As you print the data below, keep every line exactly as it is and leave the images behind.
<<<<
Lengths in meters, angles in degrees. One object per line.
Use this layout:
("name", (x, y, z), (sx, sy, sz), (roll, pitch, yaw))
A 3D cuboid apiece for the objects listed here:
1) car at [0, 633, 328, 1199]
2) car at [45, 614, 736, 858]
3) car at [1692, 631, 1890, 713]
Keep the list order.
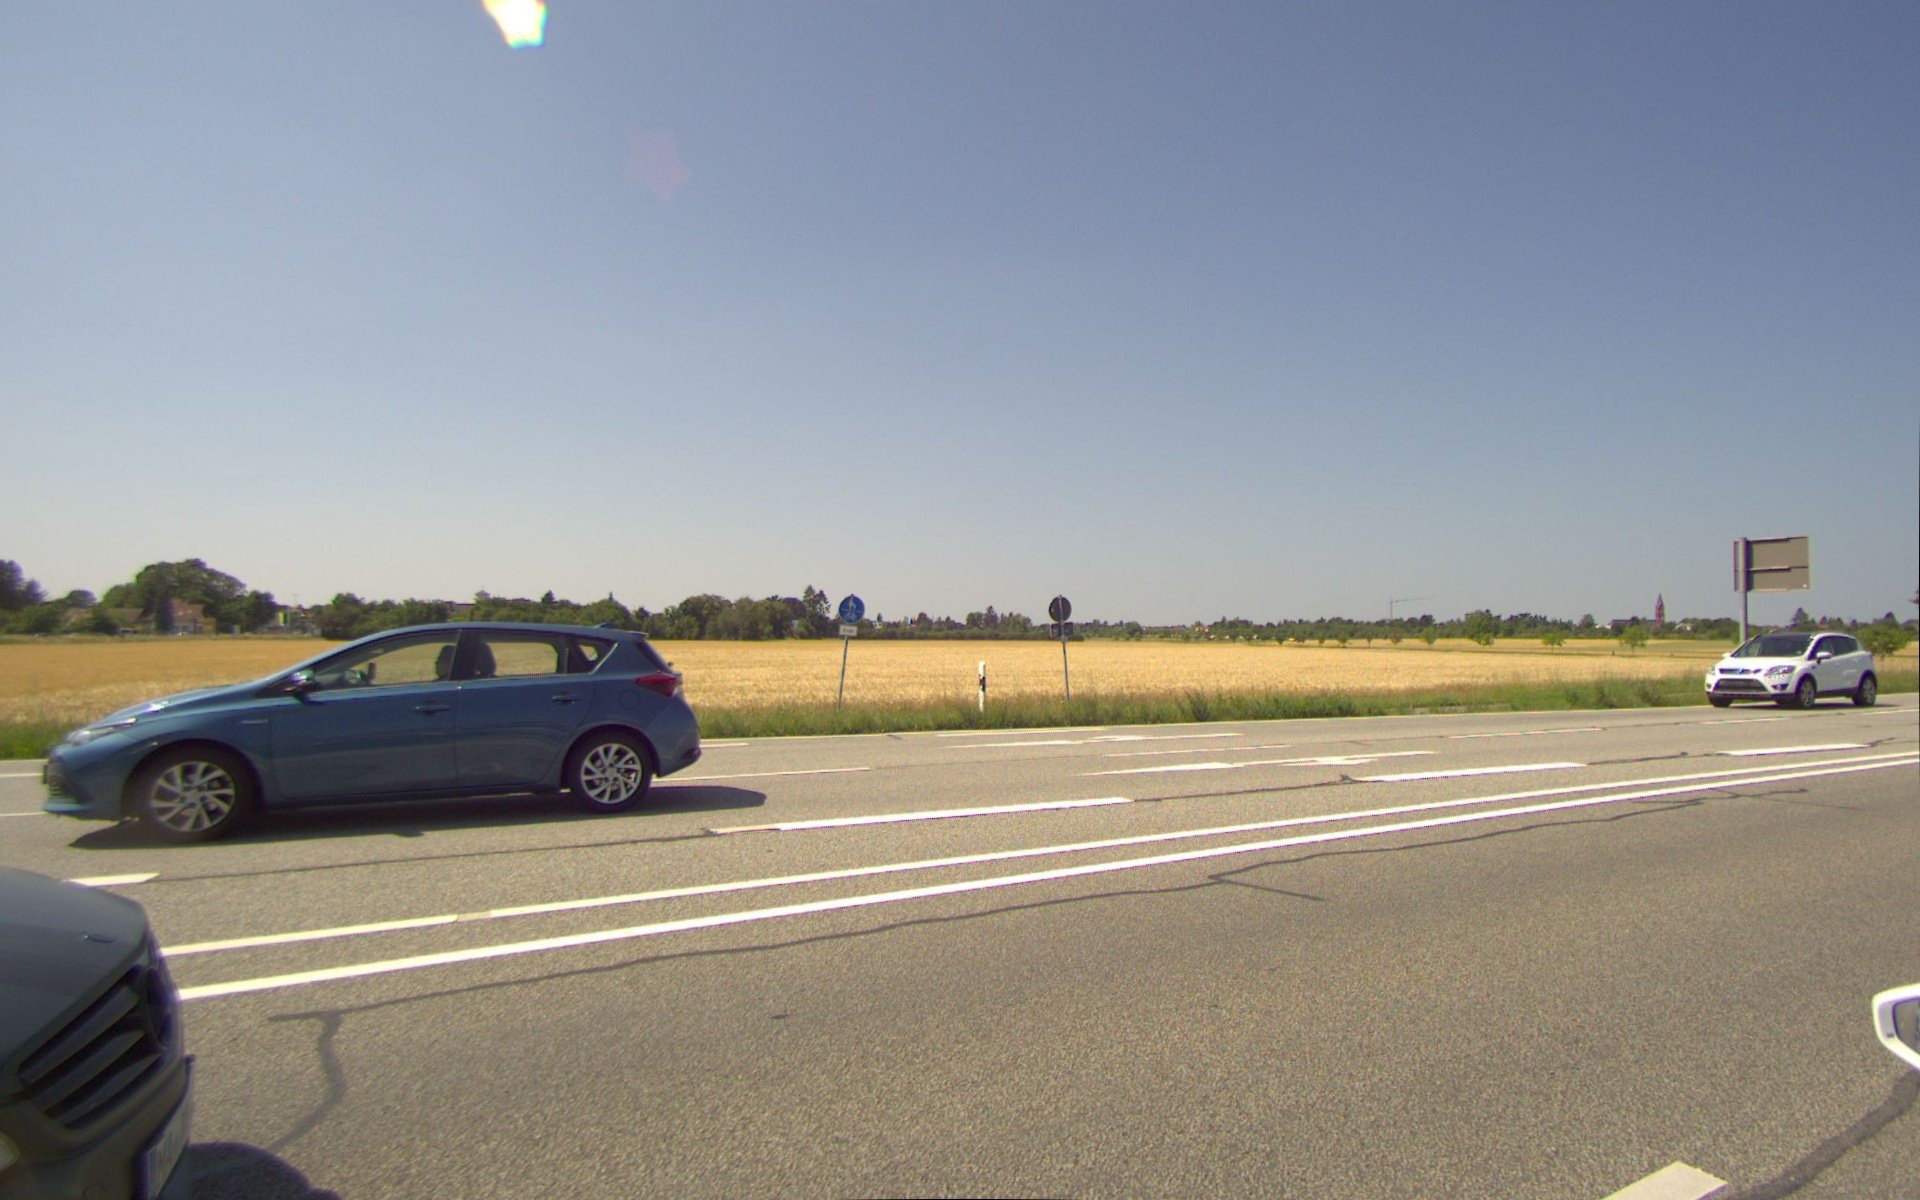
("car", (-3.550, 0.782, 1.013), (4.819, 1.469, 1.802), (1, -1, -30))
("car", (-4.017, 0.922, 7.810), (4.174, 1.476, 1.755), (1, -4, -25))
("car", (18.931, 1.594, 22.856), (4.401, 1.698, 1.661), (0, -3, -24))
>>>>
Reply to the task:
Lengths in meters, angles in degrees. One object per line.
Use this layout:
("name", (x, y, z), (sx, sy, sz), (roll, pitch, yaw))
A 3D cuboid apiece for the objects listed here:
1) car at [0, 633, 328, 1199]
2) car at [45, 614, 736, 858]
3) car at [1692, 631, 1890, 713]
Keep the list order.
("car", (-3.550, 0.782, 1.013), (4.819, 1.469, 1.802), (1, -1, -30))
("car", (-4.017, 0.922, 7.810), (4.174, 1.476, 1.755), (1, -4, -25))
("car", (18.931, 1.594, 22.856), (4.401, 1.698, 1.661), (0, -3, -24))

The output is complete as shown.